[MATERIALS PROVIDED Boundary: Start]
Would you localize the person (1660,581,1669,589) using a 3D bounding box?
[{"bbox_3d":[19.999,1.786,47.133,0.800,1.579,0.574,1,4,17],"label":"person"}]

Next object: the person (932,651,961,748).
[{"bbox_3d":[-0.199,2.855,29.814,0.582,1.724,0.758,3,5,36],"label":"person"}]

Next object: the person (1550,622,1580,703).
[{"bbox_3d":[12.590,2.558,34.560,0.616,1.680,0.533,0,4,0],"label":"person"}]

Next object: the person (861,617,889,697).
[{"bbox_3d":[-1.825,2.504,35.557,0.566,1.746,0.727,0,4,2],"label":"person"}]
[MATERIALS PROVIDED Boundary: End]
[MATERIALS PROVIDED Boundary: Start]
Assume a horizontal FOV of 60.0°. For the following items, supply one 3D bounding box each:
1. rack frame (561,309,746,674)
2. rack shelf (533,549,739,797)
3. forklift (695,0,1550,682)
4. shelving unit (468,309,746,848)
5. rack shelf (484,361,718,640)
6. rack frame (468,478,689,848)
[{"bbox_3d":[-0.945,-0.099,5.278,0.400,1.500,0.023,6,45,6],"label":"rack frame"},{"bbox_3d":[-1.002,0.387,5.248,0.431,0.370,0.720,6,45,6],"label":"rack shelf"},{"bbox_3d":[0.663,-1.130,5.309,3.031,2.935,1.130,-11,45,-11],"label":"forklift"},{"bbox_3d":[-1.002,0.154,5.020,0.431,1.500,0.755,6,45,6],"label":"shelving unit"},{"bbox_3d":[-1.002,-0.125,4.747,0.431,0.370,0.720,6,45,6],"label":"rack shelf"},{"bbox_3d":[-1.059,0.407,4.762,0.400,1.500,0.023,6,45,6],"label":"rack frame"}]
[MATERIALS PROVIDED Boundary: End]
Above are records; repeat only the lines starting at the line with "2. rack shelf (533,549,739,797)" and ending at the line with "5. rack shelf (484,361,718,640)", exactly as they appear, both included.

#### YOUR SOLUTION
2. rack shelf (533,549,739,797)
3. forklift (695,0,1550,682)
4. shelving unit (468,309,746,848)
5. rack shelf (484,361,718,640)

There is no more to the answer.